Sleep architecture refers to the four stages of sleep people cycle through during the night in about 90 to 120-minute intervals, said Dr. Brandon Peters-Mathews, a neurologist with Virginia Mason Franciscan Health in Seattle.
The cycle begins with a light sleep that transitions into a deeper sleep, and then into the deepest sleep that occurs in the third stage, often referred to as “slow-wave sleep,” Peters-Mathews said.
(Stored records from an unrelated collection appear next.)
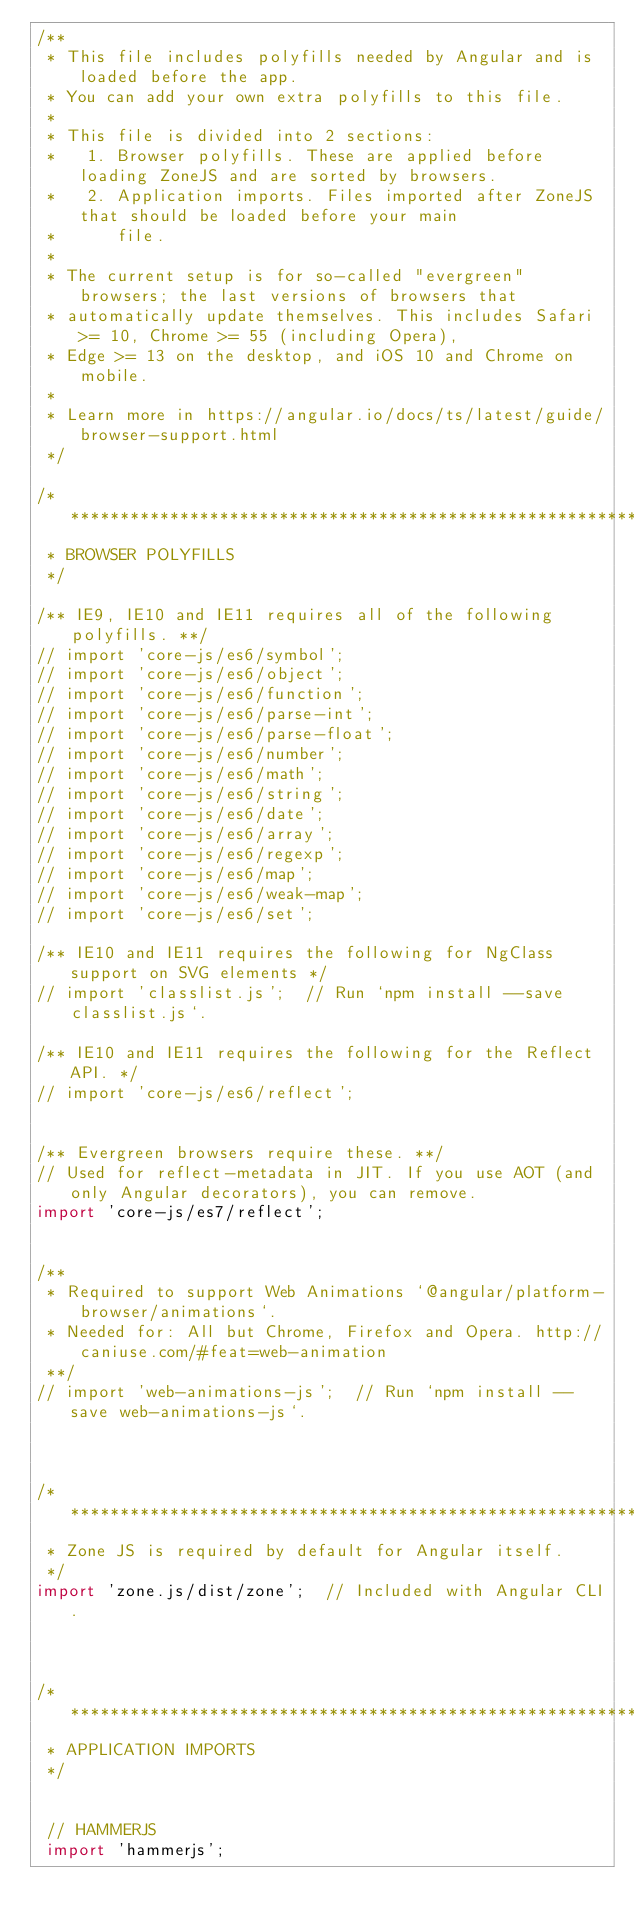<code> <loc_0><loc_0><loc_500><loc_500><_TypeScript_>/**
 * This file includes polyfills needed by Angular and is loaded before the app.
 * You can add your own extra polyfills to this file.
 *
 * This file is divided into 2 sections:
 *   1. Browser polyfills. These are applied before loading ZoneJS and are sorted by browsers.
 *   2. Application imports. Files imported after ZoneJS that should be loaded before your main
 *      file.
 *
 * The current setup is for so-called "evergreen" browsers; the last versions of browsers that
 * automatically update themselves. This includes Safari >= 10, Chrome >= 55 (including Opera),
 * Edge >= 13 on the desktop, and iOS 10 and Chrome on mobile.
 *
 * Learn more in https://angular.io/docs/ts/latest/guide/browser-support.html
 */

/***************************************************************************************************
 * BROWSER POLYFILLS
 */

/** IE9, IE10 and IE11 requires all of the following polyfills. **/
// import 'core-js/es6/symbol';
// import 'core-js/es6/object';
// import 'core-js/es6/function';
// import 'core-js/es6/parse-int';
// import 'core-js/es6/parse-float';
// import 'core-js/es6/number';
// import 'core-js/es6/math';
// import 'core-js/es6/string';
// import 'core-js/es6/date';
// import 'core-js/es6/array';
// import 'core-js/es6/regexp';
// import 'core-js/es6/map';
// import 'core-js/es6/weak-map';
// import 'core-js/es6/set';

/** IE10 and IE11 requires the following for NgClass support on SVG elements */
// import 'classlist.js';  // Run `npm install --save classlist.js`.

/** IE10 and IE11 requires the following for the Reflect API. */
// import 'core-js/es6/reflect';


/** Evergreen browsers require these. **/
// Used for reflect-metadata in JIT. If you use AOT (and only Angular decorators), you can remove.
import 'core-js/es7/reflect';


/**
 * Required to support Web Animations `@angular/platform-browser/animations`.
 * Needed for: All but Chrome, Firefox and Opera. http://caniuse.com/#feat=web-animation
 **/
// import 'web-animations-js';  // Run `npm install --save web-animations-js`.



/***************************************************************************************************
 * Zone JS is required by default for Angular itself.
 */
import 'zone.js/dist/zone';  // Included with Angular CLI.



/***************************************************************************************************
 * APPLICATION IMPORTS
 */


 // HAMMERJS
 import 'hammerjs';</code>

During the fourth stage, known as rapid eye movement (REM) sleep, brain activity picks up to levels that almost reach normal activity while awake — it’s after this stage when people often wake up naturally, he said, and once they fall back asleep the cycle begins again.
“Because we tend to go to bed at roughly the same time on a nightly basis, and these cycles are roughly the same length, we may wake at the same time in the night,” Peters-Mathews said. Most of these awakenings will be brief and forgettable, but “there might be one or two cycles into the night that we wake up and look at the clock and are aware of the time.”
Waking up several times throughout the night is typically not disruptive to one’s health, as long as falling back asleep occurs within about five to 10 minutes, said Dr. Michelle Drerup, director of the Behavioral Sleep Medicine Program at the Cleveland Clinic.